What you describe sounds like a standard ergative-absolutive system.   For
it to be like your terminology suggests, you'd need the following:

(1) The man-ACT. eats pizza-PAT.
(2) The man-ACT. ran.
(3) The man-PAT. appeared yesterday.

Some questions that remain...

(4) The man-? loves the dog-?.
(5) The man-? seems upset to the woman-?.
(6) The man-? cried (on purpose vs. on accident?).

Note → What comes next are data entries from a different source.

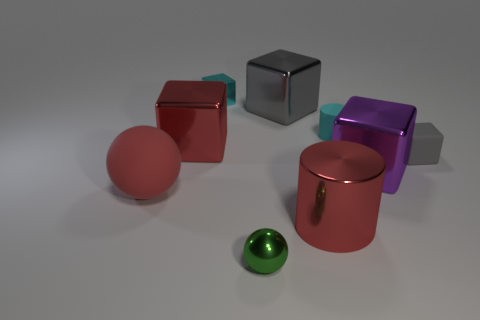Is there another small object of the same shape as the tiny cyan rubber thing?
Keep it short and to the point. No. Is the number of small green shiny cylinders less than the number of large red metallic cylinders?
Give a very brief answer. Yes. Do the tiny cyan metal thing and the large gray metal thing have the same shape?
Offer a terse response. Yes. What number of objects are either tiny green objects or shiny blocks on the left side of the large purple metallic cube?
Make the answer very short. 4. How many cubes are there?
Offer a terse response. 5. Are there any brown cylinders of the same size as the cyan cylinder?
Your answer should be compact. No. Is the number of large red matte spheres behind the small cyan matte cylinder less than the number of tiny gray things?
Provide a short and direct response. Yes. Do the shiny sphere and the cyan shiny thing have the same size?
Offer a very short reply. Yes. What size is the ball that is made of the same material as the tiny cylinder?
Your response must be concise. Large. How many other rubber cylinders have the same color as the small rubber cylinder?
Provide a succinct answer. 0. 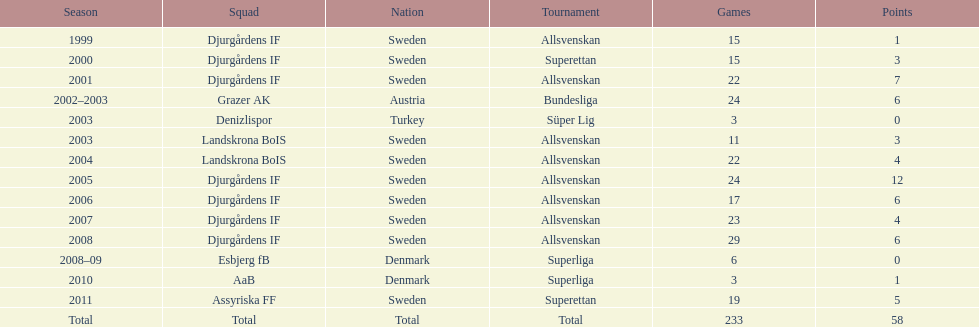How many total goals has jones kusi-asare scored? 58.

Also, these can actually be done a number of ways:

(7) I-ACT. asked my father-? for money-?.
(8) I-ACT. gave the man-? a house-?.

I got these last two from an article which can be downloaded
here:

http://ling.ucsd.edu/~djp/ling142/misc/clausetypes.pdf

It details different types of accusative and ergative languages.
But for an active language, let's go to good ol' _Describing
Morphosyntax_...

Page 145 talks about Lakhota.   It sounds like what you're
talking about.   Guaymi as well on page 145 and 146.
Chicasaw, page 148, has a three way system, so it's (without
duplicating the Chicasaw parts):

I-Marker1 act good.   (Volitional.)
I-Marker2 am good.   (Non-volitional.)
I-Marker3 feel good.   (Experiencer.)

So do any of these come close to how your system works?